Your answer must repeat all of the entries word for word, without any images.

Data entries
━━━━
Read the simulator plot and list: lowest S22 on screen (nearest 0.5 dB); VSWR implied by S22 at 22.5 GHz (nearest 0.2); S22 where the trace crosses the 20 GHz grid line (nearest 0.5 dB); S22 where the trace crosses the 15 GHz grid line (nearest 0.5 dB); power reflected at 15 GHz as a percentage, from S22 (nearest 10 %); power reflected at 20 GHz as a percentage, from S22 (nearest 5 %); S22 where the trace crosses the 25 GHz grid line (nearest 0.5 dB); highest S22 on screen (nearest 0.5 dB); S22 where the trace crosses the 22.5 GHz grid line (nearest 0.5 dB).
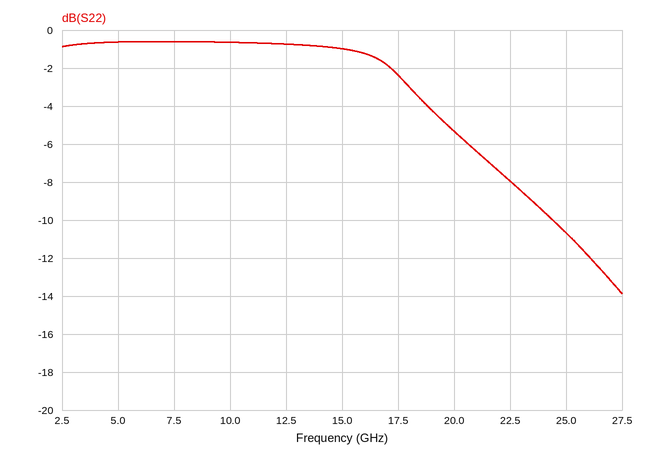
-14.0 dB
2.4
-5.5 dB
-1.0 dB
80 %
30 %
-10.5 dB
-0.5 dB
-8.0 dB
━━━━
» **Reply**:
Read the simulator plot and list: lowest S22 on screen (nearest 0.5 dB); VSWR implied by S22 at 22.5 GHz (nearest 0.2); S22 where the trace crosses the 20 GHz grid line (nearest 0.5 dB); S22 where the trace crosses the 15 GHz grid line (nearest 0.5 dB); power reflected at 15 GHz as a percentage, from S22 (nearest 10 %); power reflected at 20 GHz as a percentage, from S22 (nearest 5 %); S22 where the trace crosses the 25 GHz grid line (nearest 0.5 dB); highest S22 on screen (nearest 0.5 dB); S22 where the trace crosses the 22.5 GHz grid line (nearest 0.5 dB).
-14.0 dB
2.4
-5.5 dB
-1.0 dB
80 %
30 %
-10.5 dB
-0.5 dB
-8.0 dB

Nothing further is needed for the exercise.